The latest crisis for McCreevy will test even his skills, writes Mark Hennessy, Political Reporter
Faced with difficulties since he became Minister for Finance five years ago, Mr Charlie McCreevy often resorted to bluster, mixed with some folksy humour, to get him out of trouble.
Even those undoubted skills are unlikely to do much to redeem his reputation now with those who believe that he masterminded the most "dishonest" election campaign in history. Whether he did or not is academic, even though the Finance memorandum is a statement of the blindingly obvious for anyone who has paid much attention to the public finances in recent years.
However, the issue is not about content, but rather the timing of its preparation. The Minister might not be convicted of deception in a court of law on the issue, but the court of public opinion has lower standards of proof.
Frequently, embattled ministers find themselves left swinging in the wind by their cabinet colleagues when the going gets rough until they decide whether the individual can survive.
Such is not Mr McCreevy's fate, at least for now. Yesterday colleagues, led by the Tánaiste and Progressive Democrats leader, Ms Harney, Mr Seamus Brennan and Mr Dermot Ahern rolled out to support him.
The lack of an appearance on television by the Taoiseach is forgivable temporarily, since he was in Copenhagen for a two-day meeting of European Union leaders. Presumably, however, the fax machine works from there as well as anywhere else, so one could, perhaps, wonder at Mr Ahern's failure to issue a statement of support for his most senior Minister.
Yesterday both Mr Brennan and Mr Dermot Ahern indicated the Government's main defence: that the €900 million cutbacks proposed are in future levels of service.
Following the two men down this particular road leads one quickly into the realm of Alice in Wonderland, where words for The Walrus meant whatever he wanted them to mean.

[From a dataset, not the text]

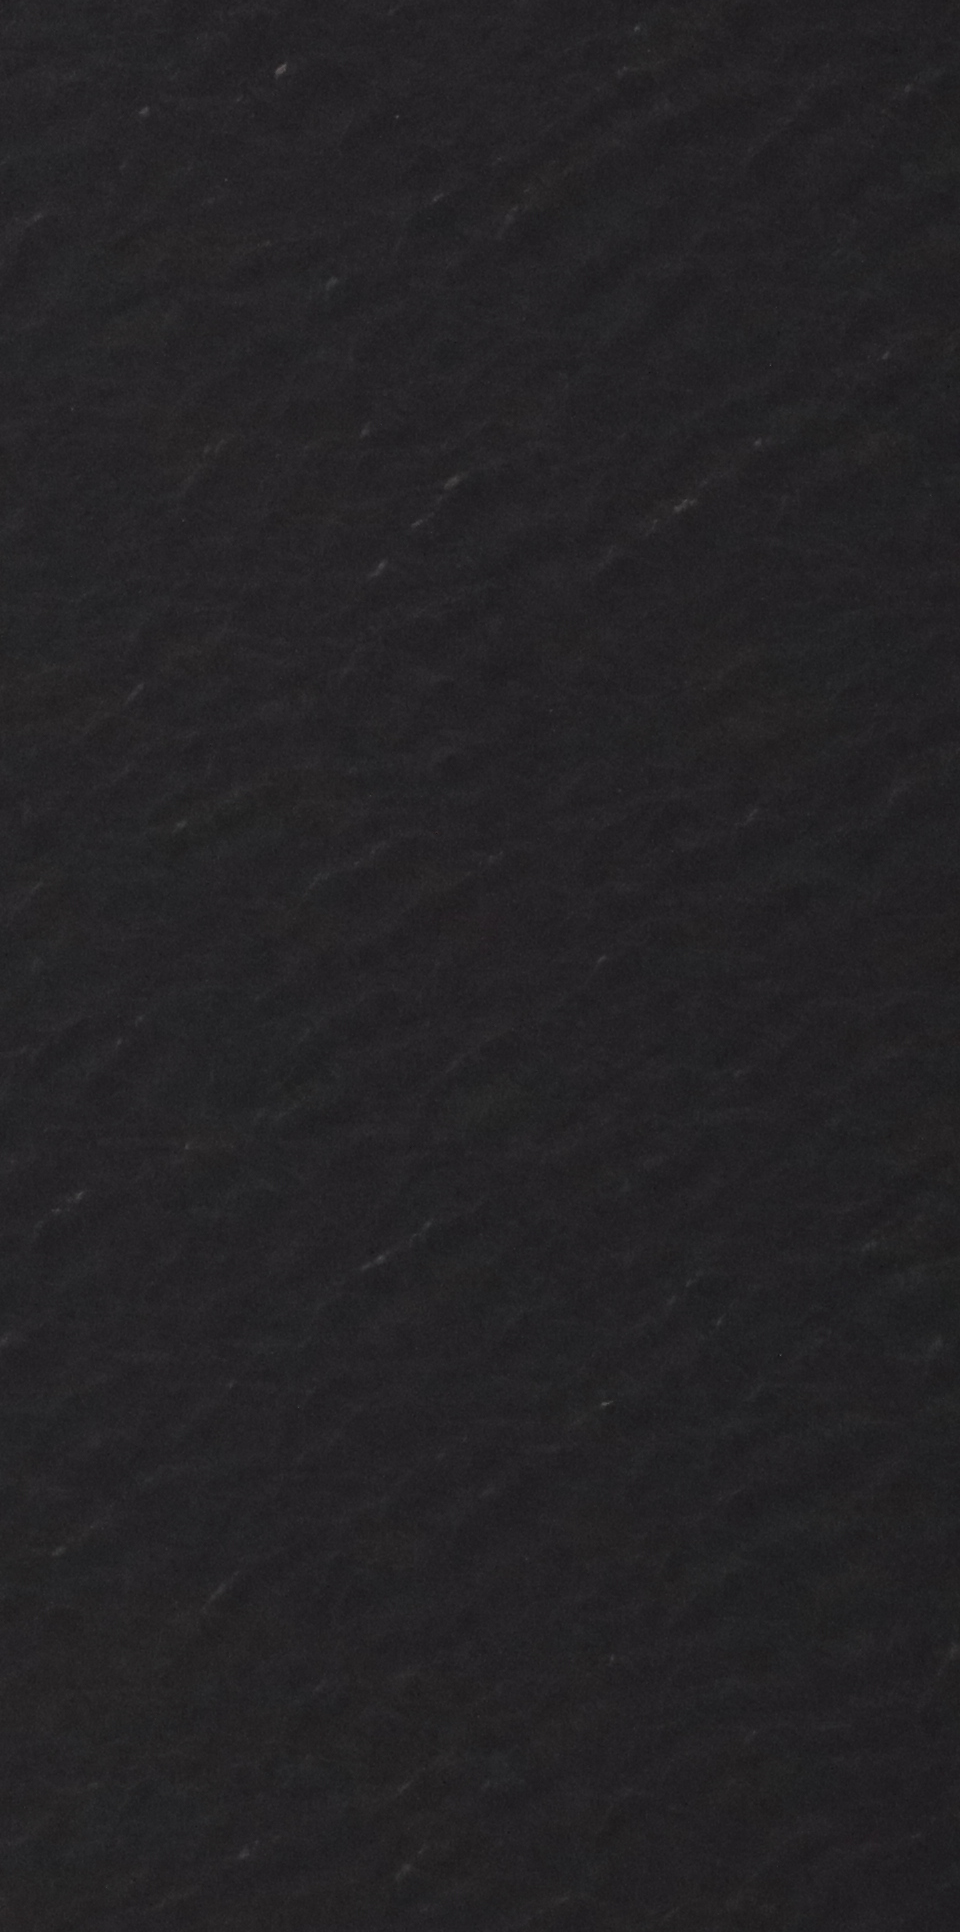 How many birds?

0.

The now famous memo reads: "Ministers should prepare their pre-Budget Estimates proposals for 2003, 2004 and 2005 on the basis of an overall reduction of €900 million in the 2003 cost of the Existing Level of Service." Strictly speaking, the Brennan-Ahern argument has some logic to it, that is, the cutbacks proposed refer to the 2003 cost of services already provided this year.

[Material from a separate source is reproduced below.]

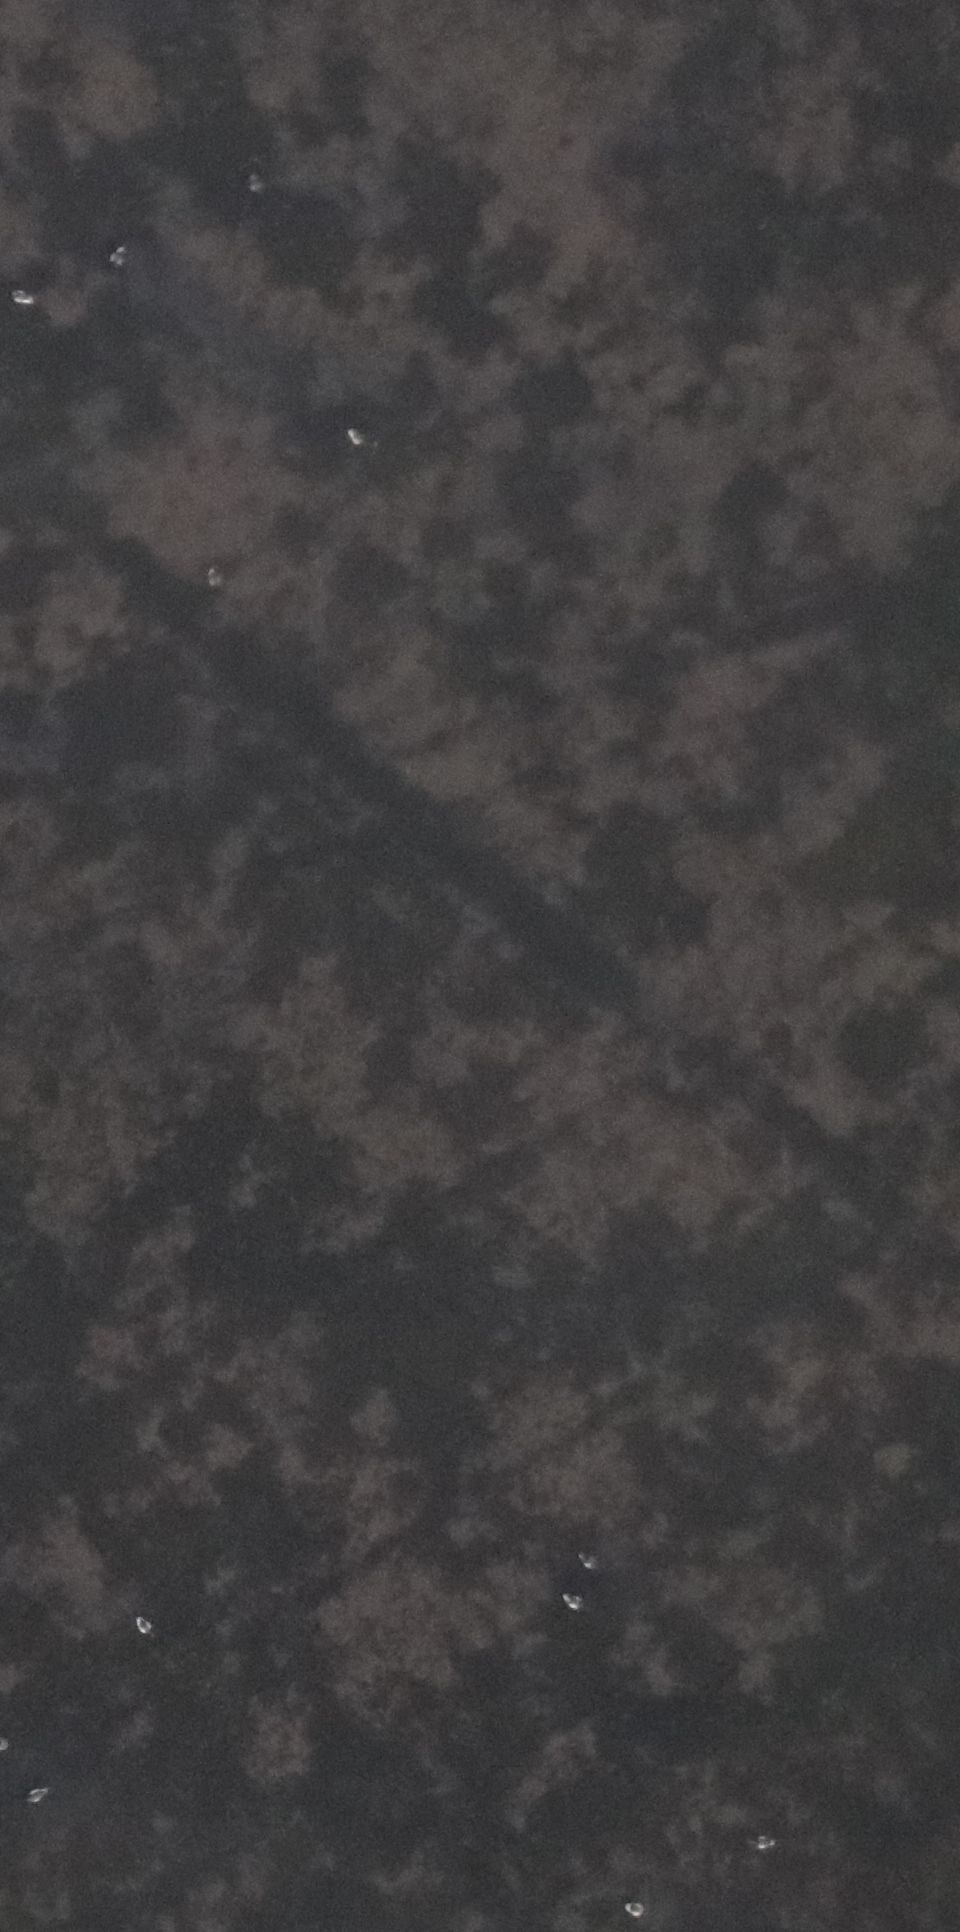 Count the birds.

But how could the same level be provided with such a hole made in budgets? Such support for Mr McCreevy has not always been evident. During the Hugh O'Flaherty row colleagues shook their heads at his refusal to abandon his plan to appoint the former Supreme Court judge to the European Investment Bank.
And stubbornness is Mr McCreevy's Achilles heel. For all his bonhomie, he rarely displays any sense of self-doubt, at least not when he is in the public eye. SSIAs, tax individualisation, the list of such occasions is near-endless.
Until now one of his greatest political strengths has always been that he has been regarded as "straight", the guy who will give it to you from the hip, with no window-dressing or mealy-mouthed words.
That reputation has been badly damaged, and at a time when it would have been useful with rockier economic waters and the Nice Treaty looming large on the political landscape.
Ironically, the Minister has occasionally given the impression that he would relish a period in power when harsh medicine needed to be handed out to save the public from itself.
More than a few in the world of politics are sure that he believes he has never received his due public credit because he was in command of the economy during times of plenty.
If he wants to be the hard man of Irish politics, he certainly has his chance now.